Internetowe informacje o zatrudnieniu w MI6 są proste: wystarczy tylko kliknąć w odpowiednią rubrykę i za pośrednictwem sieci wysłać podanie! Co potem? Nie wiadomo.

MI6 zaprasza na stronę

Co skłoniło najsłynniejszy europejski wywiad do takiego posunięcia? Dlaczego jedna z najskuteczniejszych tajnych służb na świecie chce wcielić w swoje szeregi ludzi z zewnątrz? Czyżby MI6 stracił pracowników na rzecz międzynarodowych koncernów? Angielski wywiad jest bardzo specyficzną służbą. Jego funkcjonariusze nazywani są czasami służbą dżentelmenów. To środowisko zamknięte, bardzo ekskluzywne. - Można było do nich wszystkich mówić "sir". Ci ludzie tak się jednak ograli w służbie, że zabrakło im świeżego sposobu spojrzenia, myślenia - uważa nasz informator, Polak, specjalista od tajnych służb. - Teraz widocznie doszli do wniosku, że muszą się otworzyć na ludzi.

Reklama

Potrzeba młodej krwi

Twórca i pierwszy dowódca elitarnej jednostki wojskowej GROM, gen. Sławomir Petelicki uważa, że "wyjście do ludzi" poprzez uruchomienie strony internetowej to sygnał ze strony służb specjalnych. - Mówią "nie jesteśmy sitwą, jesteśmy otwarci, potrzebujemy pomocy od młodych i zdolnych". Taki nabór oczywiście ma swoje minusy, bo mogą się zgłaszać ludzie z wrogich Polsce kręgów, ale to też da się wyeliminować - zauważa Petelicki.

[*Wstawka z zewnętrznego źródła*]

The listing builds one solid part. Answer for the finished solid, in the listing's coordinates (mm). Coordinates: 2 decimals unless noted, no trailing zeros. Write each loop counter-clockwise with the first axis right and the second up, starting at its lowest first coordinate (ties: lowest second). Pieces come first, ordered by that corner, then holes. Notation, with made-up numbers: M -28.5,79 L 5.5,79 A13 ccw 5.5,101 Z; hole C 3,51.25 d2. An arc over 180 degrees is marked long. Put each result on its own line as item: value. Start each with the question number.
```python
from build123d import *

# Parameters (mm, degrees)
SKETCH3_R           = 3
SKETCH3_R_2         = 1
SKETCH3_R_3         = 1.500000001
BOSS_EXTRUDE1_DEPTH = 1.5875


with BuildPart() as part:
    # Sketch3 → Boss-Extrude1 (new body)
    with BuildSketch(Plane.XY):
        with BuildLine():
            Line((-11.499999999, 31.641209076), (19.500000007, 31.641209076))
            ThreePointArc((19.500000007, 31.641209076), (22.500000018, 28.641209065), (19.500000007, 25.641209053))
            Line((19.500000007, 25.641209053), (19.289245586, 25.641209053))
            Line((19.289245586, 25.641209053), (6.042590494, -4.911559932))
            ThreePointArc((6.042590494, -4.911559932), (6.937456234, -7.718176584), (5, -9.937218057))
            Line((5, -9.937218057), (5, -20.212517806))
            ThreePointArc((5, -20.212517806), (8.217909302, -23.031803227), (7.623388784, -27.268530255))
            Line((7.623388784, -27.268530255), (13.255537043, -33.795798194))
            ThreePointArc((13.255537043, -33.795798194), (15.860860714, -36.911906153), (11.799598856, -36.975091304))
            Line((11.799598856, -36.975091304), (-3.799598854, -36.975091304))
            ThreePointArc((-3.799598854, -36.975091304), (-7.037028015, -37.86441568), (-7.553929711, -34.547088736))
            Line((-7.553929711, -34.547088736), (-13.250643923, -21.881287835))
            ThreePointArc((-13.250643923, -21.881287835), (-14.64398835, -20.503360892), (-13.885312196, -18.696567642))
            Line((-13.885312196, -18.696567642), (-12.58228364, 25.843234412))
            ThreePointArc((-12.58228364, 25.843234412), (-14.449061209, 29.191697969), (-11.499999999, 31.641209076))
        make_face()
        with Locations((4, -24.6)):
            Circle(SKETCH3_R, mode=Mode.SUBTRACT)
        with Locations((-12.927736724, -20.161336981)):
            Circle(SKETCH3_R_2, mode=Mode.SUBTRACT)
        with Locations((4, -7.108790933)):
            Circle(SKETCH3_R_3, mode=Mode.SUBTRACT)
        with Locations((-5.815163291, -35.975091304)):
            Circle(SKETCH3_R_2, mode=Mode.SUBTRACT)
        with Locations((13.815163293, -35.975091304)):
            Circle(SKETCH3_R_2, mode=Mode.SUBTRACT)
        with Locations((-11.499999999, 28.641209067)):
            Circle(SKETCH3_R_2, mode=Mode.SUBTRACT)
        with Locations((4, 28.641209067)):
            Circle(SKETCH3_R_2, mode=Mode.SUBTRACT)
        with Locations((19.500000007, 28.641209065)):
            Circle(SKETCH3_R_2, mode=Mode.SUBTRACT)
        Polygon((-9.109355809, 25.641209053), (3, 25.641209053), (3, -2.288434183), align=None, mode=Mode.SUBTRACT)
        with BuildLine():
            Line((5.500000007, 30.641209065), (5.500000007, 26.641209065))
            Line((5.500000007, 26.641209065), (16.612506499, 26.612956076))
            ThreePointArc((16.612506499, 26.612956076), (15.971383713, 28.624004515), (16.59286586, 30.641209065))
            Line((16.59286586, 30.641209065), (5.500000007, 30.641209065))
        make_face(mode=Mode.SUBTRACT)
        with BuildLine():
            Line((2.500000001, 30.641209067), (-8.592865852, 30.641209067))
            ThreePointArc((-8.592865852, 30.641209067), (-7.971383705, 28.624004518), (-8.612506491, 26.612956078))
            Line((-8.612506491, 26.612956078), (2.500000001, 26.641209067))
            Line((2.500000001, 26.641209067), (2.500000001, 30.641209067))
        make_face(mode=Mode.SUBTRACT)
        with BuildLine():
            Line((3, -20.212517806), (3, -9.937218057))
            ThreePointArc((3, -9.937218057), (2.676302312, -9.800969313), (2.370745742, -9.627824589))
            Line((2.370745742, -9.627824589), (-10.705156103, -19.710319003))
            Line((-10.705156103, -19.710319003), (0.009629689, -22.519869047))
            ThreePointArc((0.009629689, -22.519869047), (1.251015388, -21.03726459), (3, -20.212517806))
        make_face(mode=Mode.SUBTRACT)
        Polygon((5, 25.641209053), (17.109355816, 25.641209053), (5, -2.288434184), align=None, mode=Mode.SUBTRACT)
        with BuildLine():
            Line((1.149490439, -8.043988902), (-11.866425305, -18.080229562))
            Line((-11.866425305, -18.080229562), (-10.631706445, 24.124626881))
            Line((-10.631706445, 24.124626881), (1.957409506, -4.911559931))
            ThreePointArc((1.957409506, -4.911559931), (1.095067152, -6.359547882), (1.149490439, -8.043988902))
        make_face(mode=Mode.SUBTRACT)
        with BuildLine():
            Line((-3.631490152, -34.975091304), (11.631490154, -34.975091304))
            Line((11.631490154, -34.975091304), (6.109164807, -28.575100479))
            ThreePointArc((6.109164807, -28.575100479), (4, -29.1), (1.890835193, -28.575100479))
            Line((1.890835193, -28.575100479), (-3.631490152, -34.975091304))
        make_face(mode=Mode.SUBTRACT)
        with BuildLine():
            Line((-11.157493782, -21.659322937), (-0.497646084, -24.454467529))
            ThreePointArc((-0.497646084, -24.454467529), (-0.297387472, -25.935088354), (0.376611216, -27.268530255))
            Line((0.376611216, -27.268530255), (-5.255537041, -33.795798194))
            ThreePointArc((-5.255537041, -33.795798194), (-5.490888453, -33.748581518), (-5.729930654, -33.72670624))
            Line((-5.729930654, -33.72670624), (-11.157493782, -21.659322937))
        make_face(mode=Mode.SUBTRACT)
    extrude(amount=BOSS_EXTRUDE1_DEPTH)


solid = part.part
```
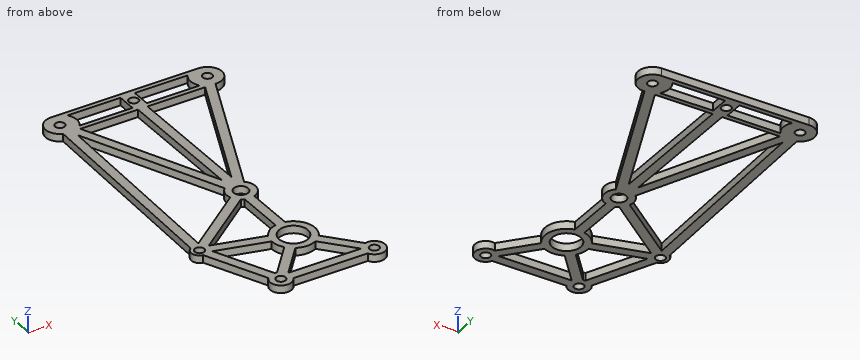
1) A cutting plane is placed at A-A on x = 4. Write down the section's boundary in (y, z), then the cut area to 3 significant figures.
2) A cutting plane is placed at D-D on z = 0.9. State how many separate pieces and enclosed holes the cut face has, then the cut area to 3 significant figures.
3) Straight lines are drawn through the part: probe 1 along Y at (x, z) = (4, 1.1); probe 2 along Y at (x, z) = (6, 1); probe 3 along Y at (x, z) = (8, 1.55) (3 decimals). For each, find the intervals that lie inside material, in ascending order.
4) A cutting plane is placed at B-B on y = -3. Write down the section's boundary in (x, z), then the cut area to 3 significant figures.
5) Given pin 1 Ø0.5 at (x, z) = (-3.5, 0.5) entering from -Y; pin 2 Ø0.5 at (y, z) = (29.5, 1) entering from +X, each flat-ended and moving along its own axis, determine where each tip first touches the part or whether it passes through.
6) A cutting plane is placed at C-C on x = 14. Write down the section's boundary in (y, z), then the cut area to 3 significant figures.
Answers follow:
1. outline: M -36.98,0 L -34.98,0 L -34.98,1.59 L -36.98,1.59 Z; M -29.1,0 L -27.6,0 L -27.6,1.59 L -29.1,1.59 Z; M -21.6,0 L -8.61,0 L -8.61,1.59 L -21.6,1.59 Z; M -5.61,0 L 27.64,0 L 27.64,1.59 L -5.61,1.59 Z; M 29.64,0 L 31.64,0 L 31.64,1.59 L 29.64,1.59 Z
1. area: 82.1 mm²
2. separate pieces: 1
2. enclosed holes: 16
2. area: 652 mm²
3. probe 1: y = -36.98 to -34.98, -29.1 to -27.6, -21.6 to -8.61, -5.61 to 27.64, 29.64 to 31.64
3. probe 2: y = -36.98 to -34.98, -28.63 to -26.84, -22.36 to -20.57, -9.34 to 0.02, 25.64 to 26.64, 30.64 to 31.64
3. probe 3: y = -36.975 to -34.975, -30.766 to -27.705, -26.662 to -22.538, -0.397 to 4.631, 25.641 to 26.635, 30.641 to 31.641
4. outline: M -13.43,0 L -11.43,0 L -11.43,1.59 L -13.43,1.59 Z; M 1.13,0 L 6.87,0 L 6.87,1.59 L 1.13,1.59 Z
4. area: 12.3 mm²
5. pin 1: stops at y = -36.98
5. pin 2: stops at x = 22.44
6. outline: M -38.22,0 L -36.96,0 L -36.96,1.59 L -38.22,1.59 Z; M -34.99,0 L -33.73,0 L -33.73,1.59 L -34.99,1.59 Z; M 13.44,0 L 18.47,0 L 18.47,1.59 L 13.44,1.59 Z; M 25.64,0 L 26.62,0 L 26.62,1.59 L 25.64,1.59 Z; M 30.64,0 L 31.64,0 L 31.64,1.59 L 30.64,1.59 Z
6. area: 15.1 mm²

Małgorzata Ossolińska, rzecznik Wojskowych Służb Informacyjnych, jest zdziwiona informacją o tym, że wywiad angielski poprzez internet poszukuje ludzi do pracy. - Nie wydaje mi się, żeby to koniecznie służyło zdobywaniu ludzi do pracy. Mamy tutaj do czynienia ze specjalistami, oni z całą pewnością wiedzą, co robią - podejrzewa Ossolińska.

ABW w sieci

Swoją stronę od kilku lat ma w internecie Agencja Bezpieczeństwa Wewnętrznego. Można na niej poznać procedury naboru do służby oraz zapoznać się z jej działalnością i mailem przesłać swoją aplikację. - Działamy na innej zasadzie niż wywiad. Pracownik nie jest dla nas źródłem informacji - zastrzega mjr Magdalena Stańczyk, rzecznik ABW.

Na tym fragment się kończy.